A Sea of Red in a World of Ice

Each spring a striking transformation takes place on mountain glaciers and snowfields across the Pacific Northwest. Large swaths of the bright, highly reflective snowpack that accumulated throughout the winter transitions from white to pink and eventually to a patchwork of dark crimson as the summer progresses. The implications of this transition are both global and diverse, affecting glacier melt, the ecology of cold-loving species living in the ice, and water resources worldwide.

It starts and ends with a microorganism—a tiny, single-celled green algae in the genus Chlamydomonas—and an equally microscopic migration. The algal cells spend the snowy winter as dormant cysts, likely at the interface between glacial ice and seasonal snow. They are covered by deep snow and, as winter turns to spring and extended darkness gives way to sun and warmer temperatures, the thawing snowpack sends trickles of snowmelt into the depths below. Eventually, these melt-water rivulets reach dormant algal cells and signal them to wake.

The cells respond by swimming to the surface (yes, by actively swimming!), dividing, and growing along the way. At the surface, they turn red and the phenomenon they are known for begins. The clean snow surface—the most reflective natural surface in the world—turns red. What starts as a subtle pink tint to the white snow shifts to a deep, watermelon red as cellular pigmentation accumulates and is concentrated by seasonal melt.

From the algae’s perspective, the biological need for darkening is well understood. In addition to chronic cold, organisms living on glaciers and snowfields must also contend with extremely high UV, levels that would be lethal for most organisms, and a lack of liquid water. The second point is a bit ironic; glaciers and ice sheets are the largest masses of freshwater in the world, yet their water is locked in ice and not particularly useful to resident organisms in solid form. Thus, snow algal pigmentation solves three challenges at once: it allows the algal cells to absorb important heat in an icy landscape, it provides a natural protectant—a sunscreen of sorts—against UV, and by warming algal cells relative to their surrounding ice, it precipitates local melting and unlocks liquid water.

The role snow algae play in the ecology of mountain glacier ecosystems, however, is poorly understood. It is now clear that glaciers and snowfields are teeming with life, largely of the single-celled bacterial and algal variety, with a rich diversity of multicellular life also making its living on ice-dominated habitats. This multicellular life ranges from rotifers, a microscopic group first described by Antonie van Leeuwenhoek in the 18th century, to ice worms, an annelid worm that also happens to be the largest organism in the world that spends its entire life cycle in ice.

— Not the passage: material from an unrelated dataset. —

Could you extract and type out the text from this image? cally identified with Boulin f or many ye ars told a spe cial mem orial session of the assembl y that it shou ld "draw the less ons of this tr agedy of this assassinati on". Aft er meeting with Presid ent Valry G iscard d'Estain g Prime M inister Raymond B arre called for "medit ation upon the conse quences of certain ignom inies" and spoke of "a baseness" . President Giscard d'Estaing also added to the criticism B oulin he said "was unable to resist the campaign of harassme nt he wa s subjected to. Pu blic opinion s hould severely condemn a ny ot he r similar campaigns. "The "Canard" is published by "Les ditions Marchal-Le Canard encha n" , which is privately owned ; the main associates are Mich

It also includes birds like the gray-crowned rosy finch, one of the highest-elevation nesting birds in North America.

Snow algae are a major basal component of the food chain in glacier ecosystems. They convert light energy and carbon dioxide into organic compounds that can be assimilated into other organisms. In the Pacific Northwest, ice worms feed on snow algae and many birds feed on ice worms; but beyond that simplified view, little is known.

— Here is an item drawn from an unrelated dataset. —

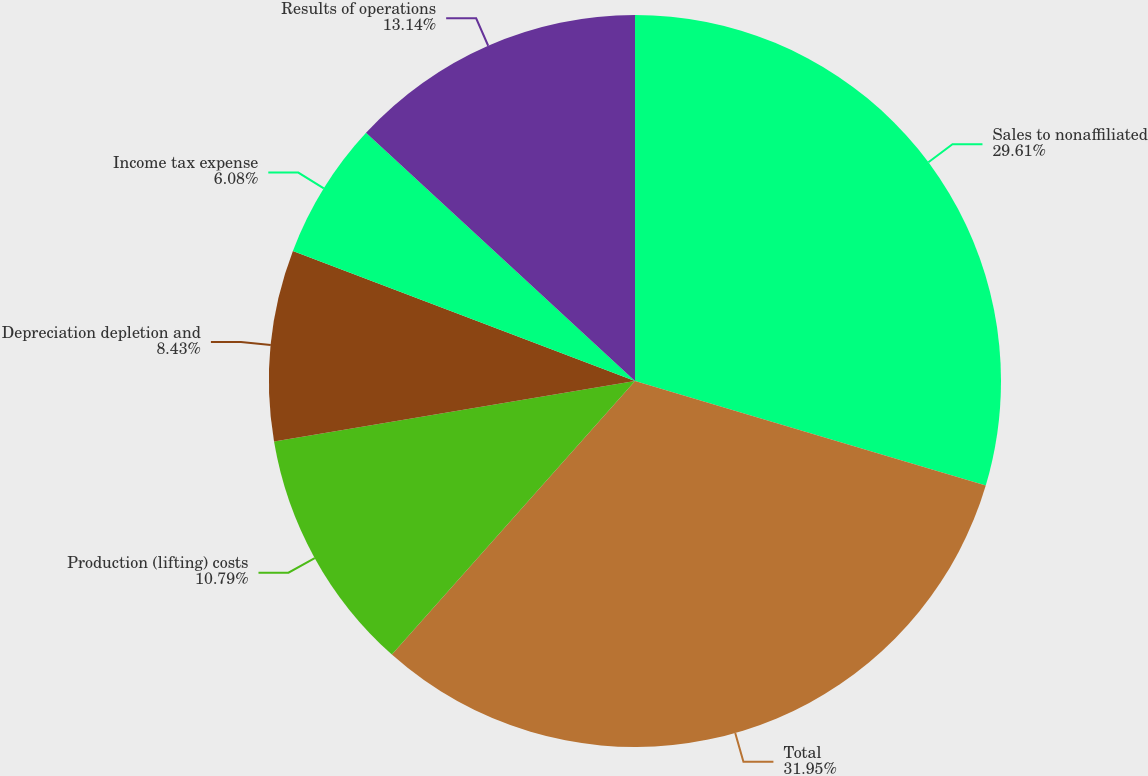Convert chart to OTSL. <chart><loc_0><loc_0><loc_500><loc_500><pie_chart><fcel>Sales to nonaffiliated<fcel>Total<fcel>Production (lifting) costs<fcel>Depreciation depletion and<fcel>Income tax expense<fcel>Results of operations<nl><fcel>29.61%<fcel>31.96%<fcel>10.79%<fcel>8.43%<fcel>6.08%<fcel>13.14%<nl></chart>

Due to its darkening effect, snow enriched with red algal cells melts more quickly than snow without. And, the more melt, the faster snow algae grow. This melting-growth feedback loop, paired with the global, steady rise of atmospheric carbon dioxide, paints an ominous picture for the future of glaciers and ice sheets. It is likely that the distribution and magnitude of snow algal blooms will increase and so will the scale of glacier and snowmelt they precipitate. But, we shouldn’t worry about snow algae melting all of the glaciers just yet. First, we are only beginning to understand the spatial and temporal dynamics of algae-induced glacier melt. And, second, the potential for more snow algae is merely a symptom of our own influence on the Earth’s climate system. Instead, we should appreciate the complexity of glacier and snowfield ecosystems–complexity supported by snow algae–and seek better understanding of how the pieces fit together before they vanish entirely. Ultimately, as glaciers and snowfields are lost, the ice worms, algae, and other organisms that depend on them to survive will disappear as well.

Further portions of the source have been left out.